- Developer: Crema
- Publisher: Humble Bundle
- Director: Guillermo Andrades
- Engine: Unity
- Platforms: Microsoft Windows; Nintendo Switch; PlayStation 5; Xbox Series X/S;
- Release: WW: September 6, 2022;
- Genre: Tactical role-playing
- Modes: Single-player, multiplayer

= Temtem =

2022 video game

Temtem is a massively multiplayer online role-playing game (MMORPG) developed by Spanish developer Crema, and published by Humble Bundle. It was released in early access through Steam on January 21, 2020, and PlayStation 5 on December 8, 2020, with the Nintendo Switch and Xbox Series X/S versions released alongside the full release of the game on September 6, 2022. Temtem uses the Unity development engine, and is a creature-collection video game greatly inspired by the Pokémon series. The game was partly funded through the crowdfunding platform Kickstarter, from May to June 2018.

==Synopsis and gameplay==
Temtems gameplay is largely inspired by Game Freak's Pokémon series. Players explore the area capturing the eponymous Temtem creatures and command them in double battles against other Temtem controlled by an NPC or another player. All battles in Temtem happen in a 2x2 environment, similar to double battles in Pokémon series.

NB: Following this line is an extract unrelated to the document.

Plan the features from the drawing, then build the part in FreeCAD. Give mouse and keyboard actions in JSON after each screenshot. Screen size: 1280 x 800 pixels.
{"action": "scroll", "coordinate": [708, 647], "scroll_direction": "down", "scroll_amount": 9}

In the game, players assume the role of a novice Temtem tamer who starts their journey around the six floating islands of the Airborne Archipelago while facing the threat of Clan Belsoto, an evil organization that plans to take over the islands by force.

== Development ==
Temtem is developed by Crema, a Spanish game development studio. The game was first announced on crowdfunding platform Kickstarter in May 2018, with an initial fundraising goal of €61,000. Temtem was launched on Steam's Early Access on January 21, 2020.

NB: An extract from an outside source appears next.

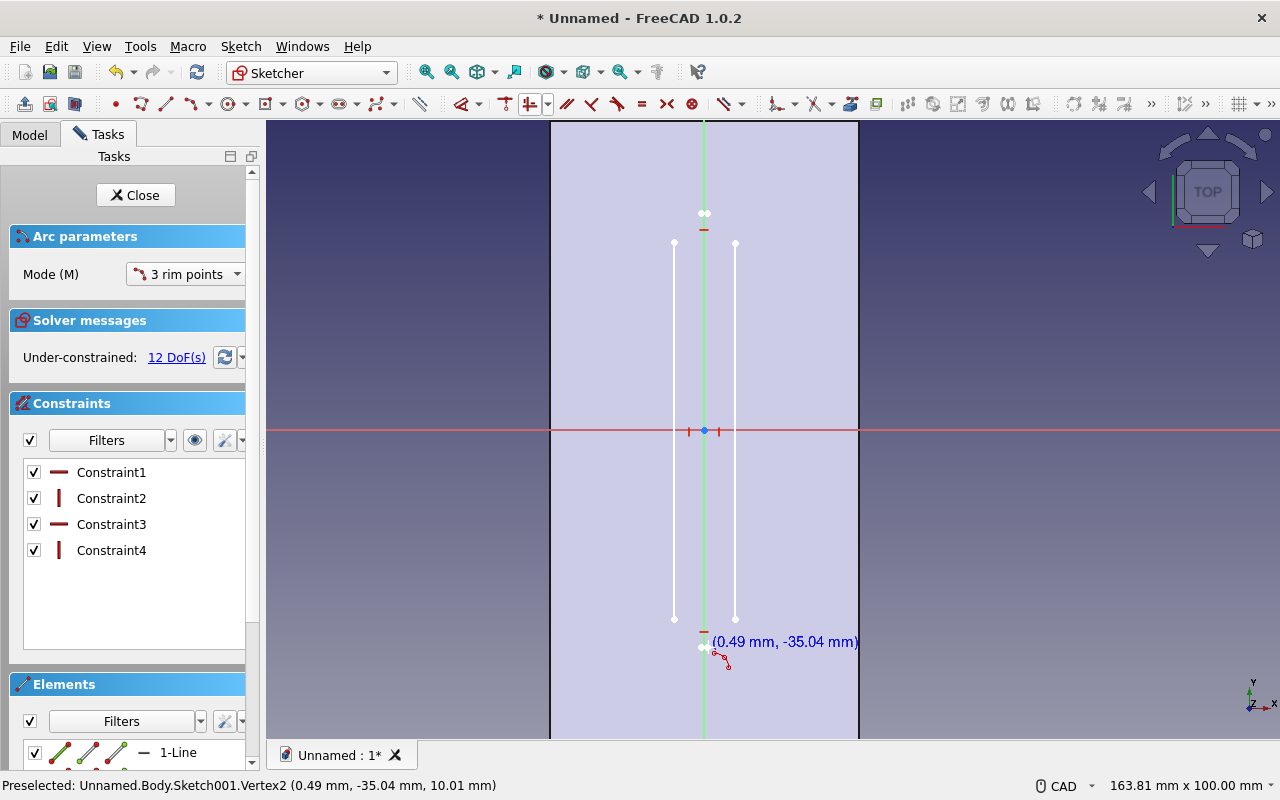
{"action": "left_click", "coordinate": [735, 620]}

On August 6, 2020, it was announced that Temtem would be released on Nintendo Switch, PlayStation 5 and Xbox Series X/S in 2021. On October 26, 2020, it was announced that the game would be releasing in early access on PlayStation 5 on December 8, 2020.

== Sales ==
Temtem sold over 500,000 units on Steam in its first month. In September 2022, the game had attracted over 1 million players.

== Legacy ==
In June 2023, Crema and Humble released a free-to-play variant of the game, titled Temtem: Showdown, with zero microtransactions. On March 4, 2024, Crema announced it would stop developing new content for the game as of June. Temtem will remain online and all season pass content will be playable.

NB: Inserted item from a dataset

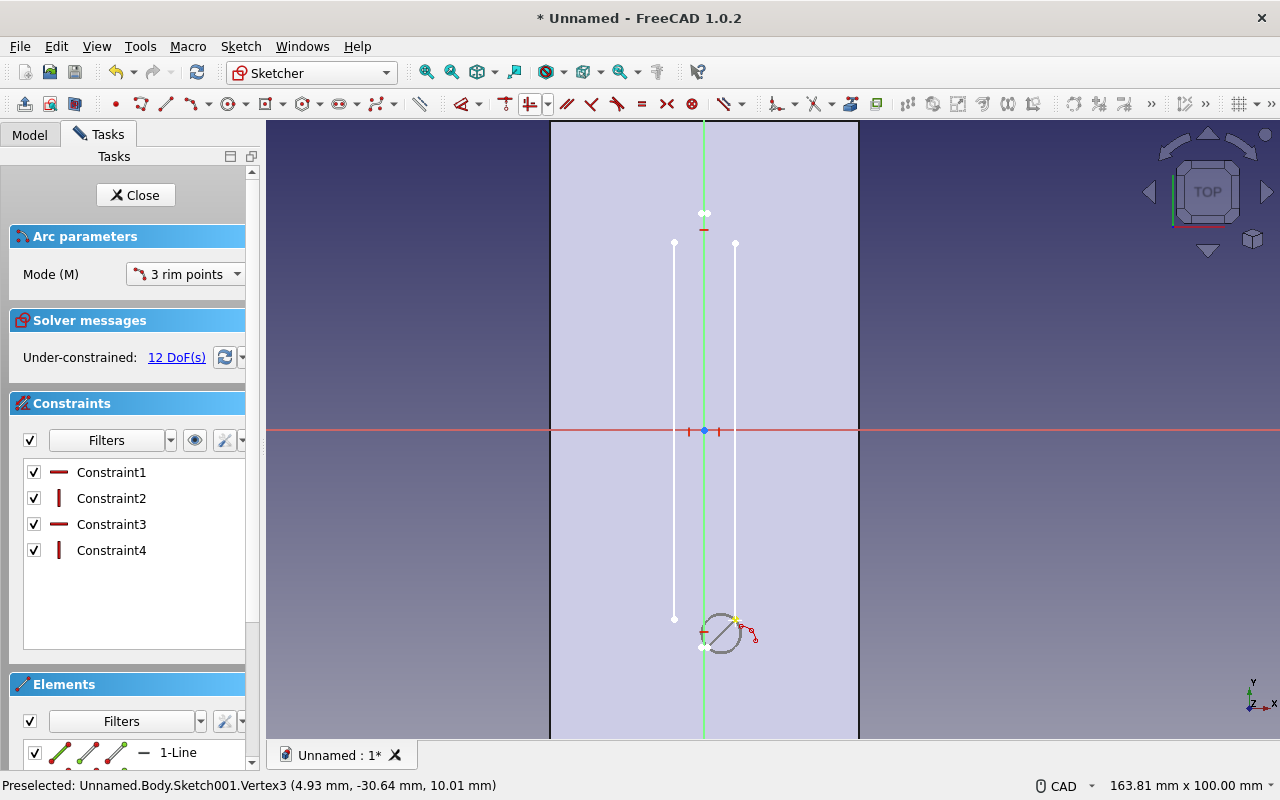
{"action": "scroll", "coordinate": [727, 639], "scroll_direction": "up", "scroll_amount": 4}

Crema released Temtem: Swarm, a bullet heaven spinoff game inspired by Vampire Survivors, in 2024.

==Animated series==
In June 2023, it was announced that an animated series adaptation based on the online game named Tentem is being developed by Mediawan's traditional animation studio Somewhere Animation alongside Temtem's developer Marla with producer Josh Hamilton came on board as showrunner of the new series.